Rose Garden Resident
News
Reported graffiti bigger problem this year
By Lydia Sarraille
After an eight-year decline, graffiti has come back with a vengeance in San Jose. The number of reported incidents has gone from 129 to 2,594 over the past year, according to a citywide survey taken by the San Jose anti-graffiti and litter program.
The increase reverses the downward trend the city has seen over the past eight years. Since the first survey was taken in 1999, police had seen a reduction in reported incidents of graffiti from 71,541 to 129 by 2006.
This year's upswing has affected the entire city, according to survey results.
In the Rose Garden, neighbors have reported graffiti on their cars in recent weeks.
Brett Miles, who lives on the corner of Hester and Dana avenues, said his blue van was etched on Feb. 15 with the letters "XIV" and "ESSJ," known symbols of the Norteño gangs, according to police.
"They do it when no one is looking," Miles said.
Miles said he has noticed a higher incidence of graffiti in his neighborhood recently. "It's a weird, cyclical thing," Miles said. "You'll see it happen more and more for a while, and then it's like they go on vacation and then there's nothing."
Miles said he has had to remove graffiti several times from his property in the past, and despite his best efforts to deter the vandals with security lights and a protective pet dog, it seems to be a persistent, though sporadic, problem.
"It happens," Miles said. "I don't want to say that graffiti and vandalism are necessarily the price of living in a big city, but there's a certain amount of this sort of thing that you just come to expect."
Gordon Castro, senior maintenance worker with the anti-graffiti and litter program, said the recent upswing in graffiti may have to do with funding losses.
"We've lost personnel and funding," Castro said. "It makes it hard to clean up the graffiti as quickly."
The key to solving the graffiti problem, Castro said, is to clean it up as soon as possible.
"It's a territorial thing," Castro said. "The longer it stays up, the more bragging rights [the perpetrators] have and the more emboldened they will become. If you take it down right away and they see that they can't keep up, they will move on."

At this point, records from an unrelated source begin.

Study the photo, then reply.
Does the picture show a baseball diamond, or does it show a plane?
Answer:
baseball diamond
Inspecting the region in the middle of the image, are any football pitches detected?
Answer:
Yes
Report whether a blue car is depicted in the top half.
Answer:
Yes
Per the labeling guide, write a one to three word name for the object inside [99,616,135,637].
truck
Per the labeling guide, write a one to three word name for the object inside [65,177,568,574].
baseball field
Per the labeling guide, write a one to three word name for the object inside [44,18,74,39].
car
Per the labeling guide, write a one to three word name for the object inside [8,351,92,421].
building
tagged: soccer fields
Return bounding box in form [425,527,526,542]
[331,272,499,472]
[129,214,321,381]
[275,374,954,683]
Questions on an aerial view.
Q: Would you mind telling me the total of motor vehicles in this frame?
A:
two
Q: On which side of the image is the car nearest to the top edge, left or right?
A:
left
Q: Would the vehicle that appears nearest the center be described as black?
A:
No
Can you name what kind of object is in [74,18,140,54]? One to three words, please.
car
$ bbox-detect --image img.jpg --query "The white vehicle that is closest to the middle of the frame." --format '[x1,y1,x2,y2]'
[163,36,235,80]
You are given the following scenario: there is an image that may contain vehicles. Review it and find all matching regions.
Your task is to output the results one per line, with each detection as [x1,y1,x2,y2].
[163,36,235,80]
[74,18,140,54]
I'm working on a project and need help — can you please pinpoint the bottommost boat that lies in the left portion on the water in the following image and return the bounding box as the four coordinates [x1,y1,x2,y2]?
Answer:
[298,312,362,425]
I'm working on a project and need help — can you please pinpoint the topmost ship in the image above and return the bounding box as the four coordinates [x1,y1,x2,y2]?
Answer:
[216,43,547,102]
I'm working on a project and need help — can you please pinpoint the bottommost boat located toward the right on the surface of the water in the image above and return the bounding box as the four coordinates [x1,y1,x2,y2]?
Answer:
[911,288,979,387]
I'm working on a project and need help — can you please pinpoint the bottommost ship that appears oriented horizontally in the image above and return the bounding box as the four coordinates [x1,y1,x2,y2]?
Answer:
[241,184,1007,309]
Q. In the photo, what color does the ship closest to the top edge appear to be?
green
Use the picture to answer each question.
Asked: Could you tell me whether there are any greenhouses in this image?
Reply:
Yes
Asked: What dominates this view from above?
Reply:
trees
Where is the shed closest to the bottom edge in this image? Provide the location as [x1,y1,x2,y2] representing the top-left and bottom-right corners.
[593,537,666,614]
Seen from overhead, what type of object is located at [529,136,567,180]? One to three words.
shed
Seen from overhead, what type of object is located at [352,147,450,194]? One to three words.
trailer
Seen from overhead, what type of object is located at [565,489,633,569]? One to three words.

Jeff Rogers, president of the Shasta Hanchett Park Neighborhood Association, said his organization is working to diminish graffiti in the area by asking for more involvement in neighborhood watch programs as well as the San Jose Police Department STOP program.
By joining the program, which stands for Stop Trespassing on Public/Private Property, home and business owners can authorize the SJPD to take enforcement action against trespassers on their property.
Rogers said he believes getting more people to sign up for this program will help relieve the graffiti and vandalism problems his neighborhood is experiencing.
"When the neighborhood association got the businesses on The Alameda to participate in STOP, we saw a big improvement," Rogers said.
Castro said only 6 percent to 7 percent of graffiti is gang-related on average, so a bump in graffiti does not necessarily mean a bump in gang activity.
The best thing people can do to deter the vandalism is to report incidents right away and join the volunteers who work for the anti-graffiti program to receive free paint to cover it up, Castro said.